It’s Friday the 13th! I’m not really a superstitious gal but I did wake up in a gloomy funk. And I like the idea of a mystical reason rather than the reality of my life.
This week has been hard. I’ve been in week 2 of the never-ending cold. I don’t feel super horrific – thankfully- but I’ve gone through four boxes of tissues and two bags of cough drops. Not only is my nose all flakey, my upper lip is very tender. I know this because in my grooming practice of mustache removing, I made my lip bleed. It hurt…bad! And worse than a bleeding lip has been my sleeping irregularity.
I have this quirky habit of waking up and counting my hours of sleep. I wake up, look at the time and calculate my hours. I love me a good 8 hours! I naturally wake up 5:30/6 a.m. so eight doesn’t come often but when it does, ooh-la-la! My norm is 6-7 hours. I can make 5 hours work too with the benefit of a third cup of coffee. Earlier this week, I was getting 2-4 hours for about three nights.
This week at work has been grueling. On top of all the typical day-to-day hoopla, I’ve had three Federal reports to complete, two performance reviews and our website overhaul. And last night, I had a three hour meeting. The last 45 minutes were a heavy-charged critique of an event I lead. Now, I love to be busy! I enjoy being challenged! I embrace changing things up! BUT the combination of sleep deprivation and heavy workload made the criticism sound a lot like, ‘you suck at your job!’

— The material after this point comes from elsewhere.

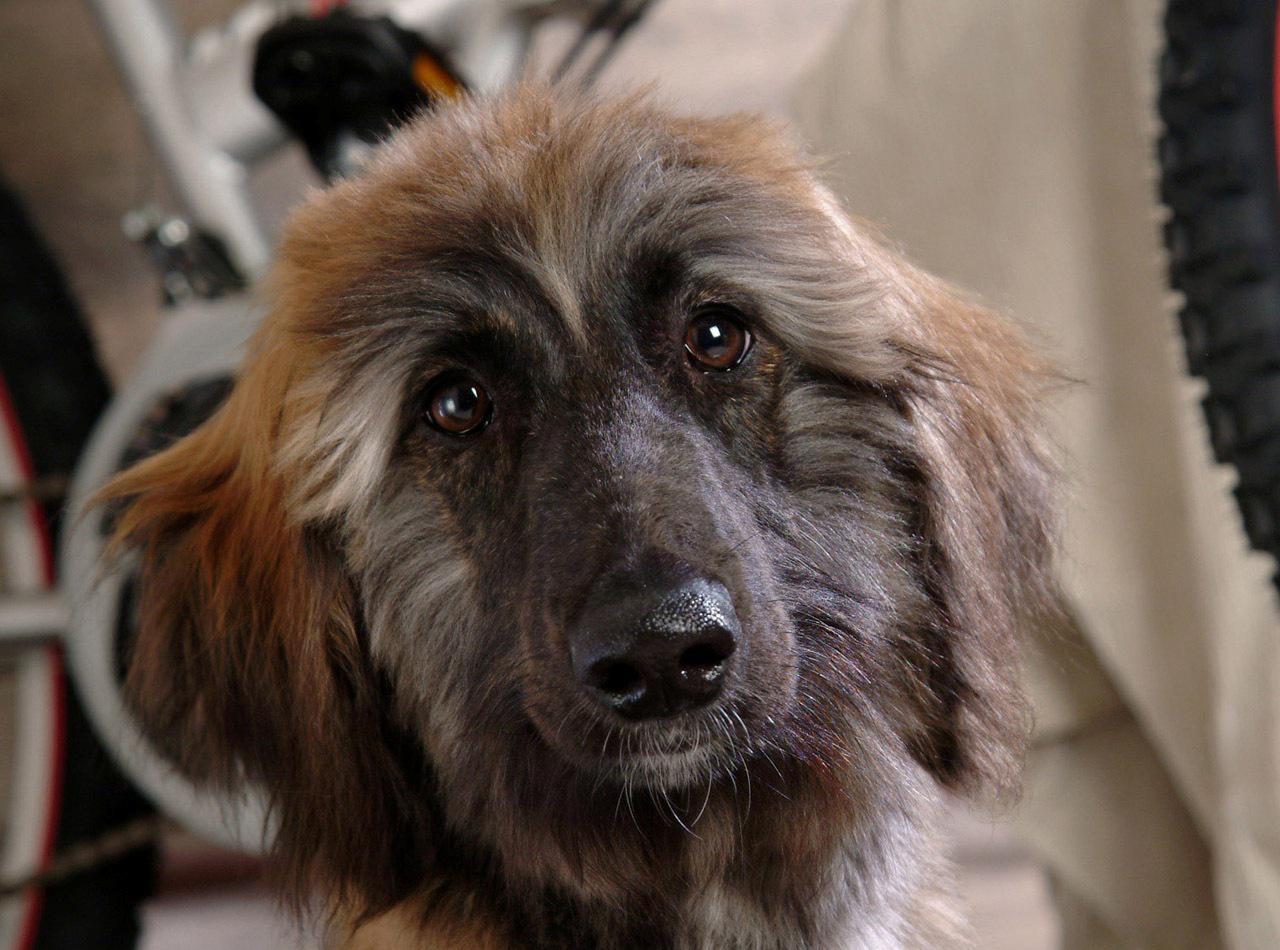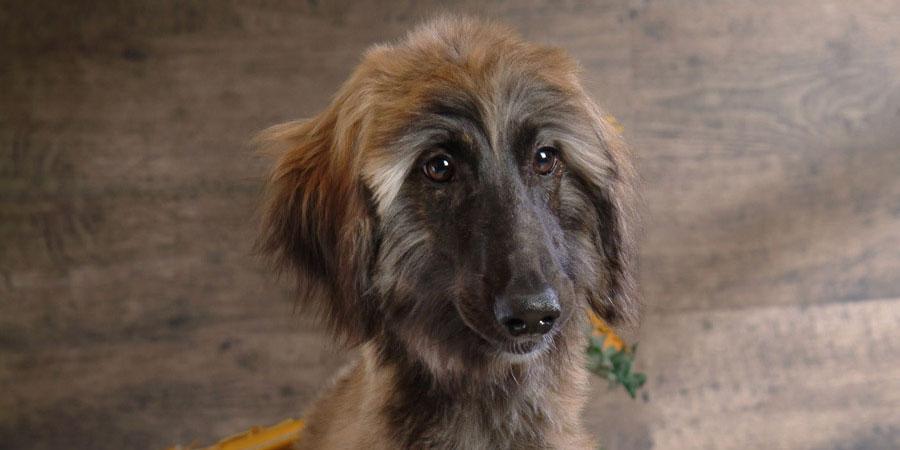The first image is the image on the left, the second image is the image on the right. Considering the images on both sides, is "One image contains at least five dogs, with varying fur coloration." valid? Answer yes or no. No. The first image is the image on the left, the second image is the image on the right. Analyze the images presented: Is the assertion "There is a group of dogs in one of the images." valid? Answer yes or no. No.

The looming thought followed me into bed. So, when I woke up 6 hours later, I felt tired and defeated. Not quite the right mindset for personal training. And my session with Josh went bad. I kept stopping in the middle of each set of each exercise. I couldn’t get my rhythm. I didn’t have the strength. And I just completely gave up on a plank. I usually get such a rush from working out. I believe in the endorphin high. I wanted to be high. I was low! I told Josh I should have canceled because now I was even more disappointed with myself.
Josh responded with another one of his fitticisms: “It would have been far more disappointing to have done nothing at all.”
Even his sage point couldn’t get me unstuck. I was mired in the muck.
I said a little prayer of thanksgiving that my true nature is upbeat. I know many people battle melancholy on a regular basis. I know I’m blessed. And I also knew this overwhelming feeling would pass. I would return to my normal.
On the way to work, I found a surprise $20 tucked in my phone. I thought I had lost it. The notion that I haven’t ‘lost it’ became a platform to build a better day on. The heaviness is gradually lifting and my day continues to get better. After a good night sleep, I should wake up normal.